= Extension by new constant and function names =

Mathematical principle

In mathematical logic, a theory can be extended with new constants or function names under certain conditions with assurance that the extension will introduce no contradiction. Extension by definitions is perhaps the best-known approach, but it requires unique existence of an object with the desired property. Addition of new names can also be done safely without uniqueness.
==Example==
Suppose that a closed formula

$\exists x_1\ldots\exists x_m\,\varphi(x_1,\ldots,x_m)$

is a theorem of a first-order theory $T$. Let $T_1$ be a theory obtained from $T$ by extending its language with new constants

$a_1,\ldots,a_m$

and adding a new axiom

$\varphi(a_1,\ldots,a_m)$.
==Conservative extension==
Then $T_1$ is a conservative extension of $T$, which means that the theory $T_1$ has the same set of theorems in the original language (i.e., without constants $a_i$) as the theory $T$.
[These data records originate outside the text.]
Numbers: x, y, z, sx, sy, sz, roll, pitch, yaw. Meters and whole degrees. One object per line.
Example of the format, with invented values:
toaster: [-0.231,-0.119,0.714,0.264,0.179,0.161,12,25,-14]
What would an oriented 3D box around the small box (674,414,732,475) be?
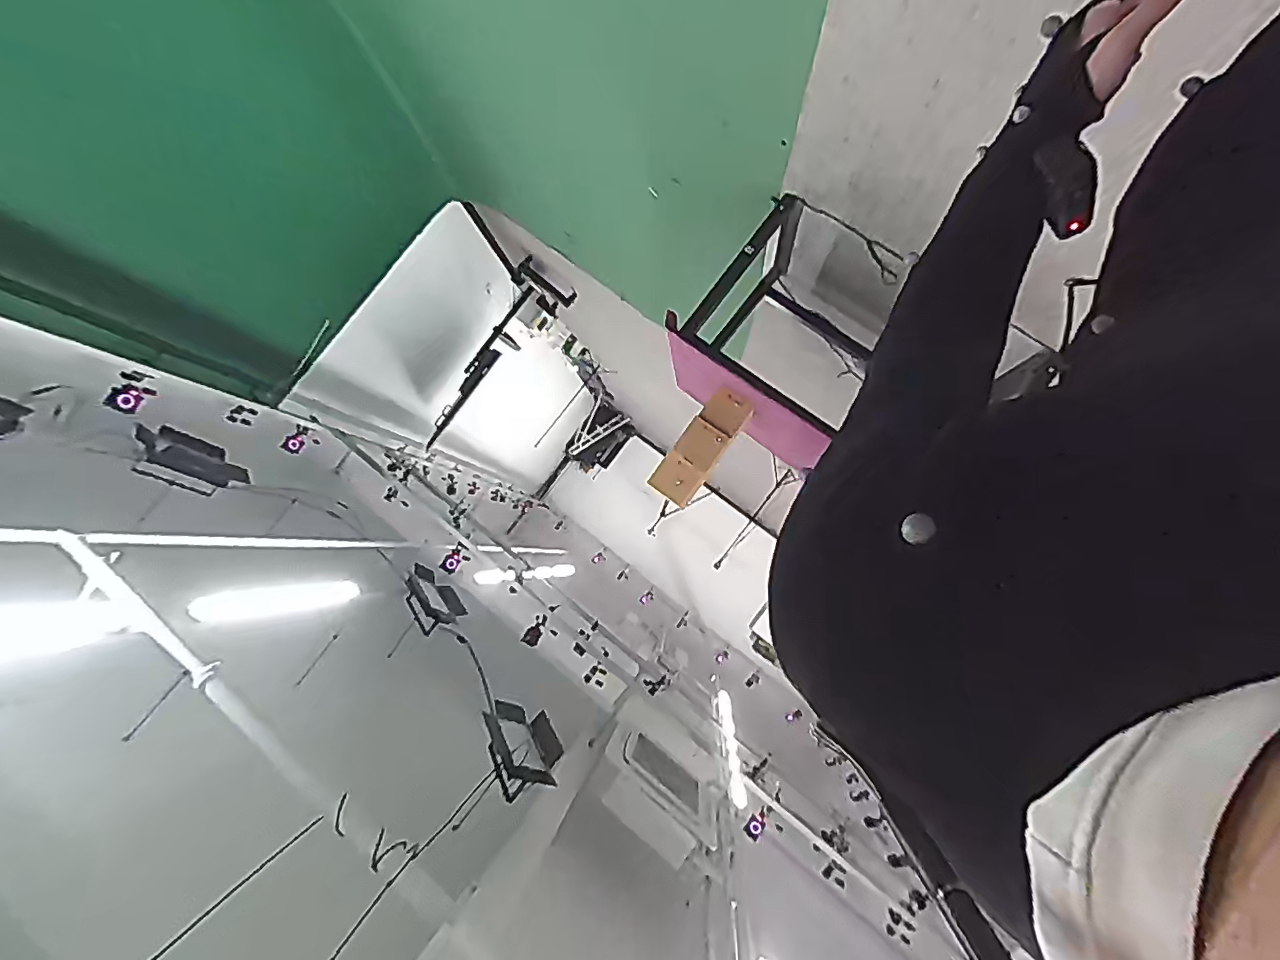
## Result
small box: [0.257,-0.144,2.174,0.168,0.176,0.179,36,180,10]

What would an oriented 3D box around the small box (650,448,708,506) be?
small box: [0.160,-0.013,2.181,0.168,0.176,0.179,36,179,12]

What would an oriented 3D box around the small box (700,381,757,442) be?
small box: [0.357,-0.273,2.199,0.168,0.176,0.179,36,178,8]

Such a theory can also be conservatively extended by introducing a new functional symbol:

Suppose that a closed formula $\forall \vec{x}\,\exists y\,\!\,\varphi(y,\vec{x})$ is a theorem of a first-order theory $T$, where we denote $\vec{x}:=(x_1,\ldots,x_n)$. Let $T_1$ be a theory obtained from $T$ by extending its language with a new functional symbol $f$ (of arity $n$) and adding a new axiom $\forall \vec{x}\,\varphi(f(\vec{x}),\vec{x})$. Then $T_1$ is a conservative extension of $T$, i.e. the theories $T$ and $T_1$ prove the same theorems not involving the functional symbol $f$).

Shoenfield states the theorem in the form for a new function name, and constants are the same as functions of zero arguments. In formal systems that admit ordered tuples, extension by multiple constants as shown here can be accomplished by addition of a new constant tuple and the new constant names having the values of elements of the tuple.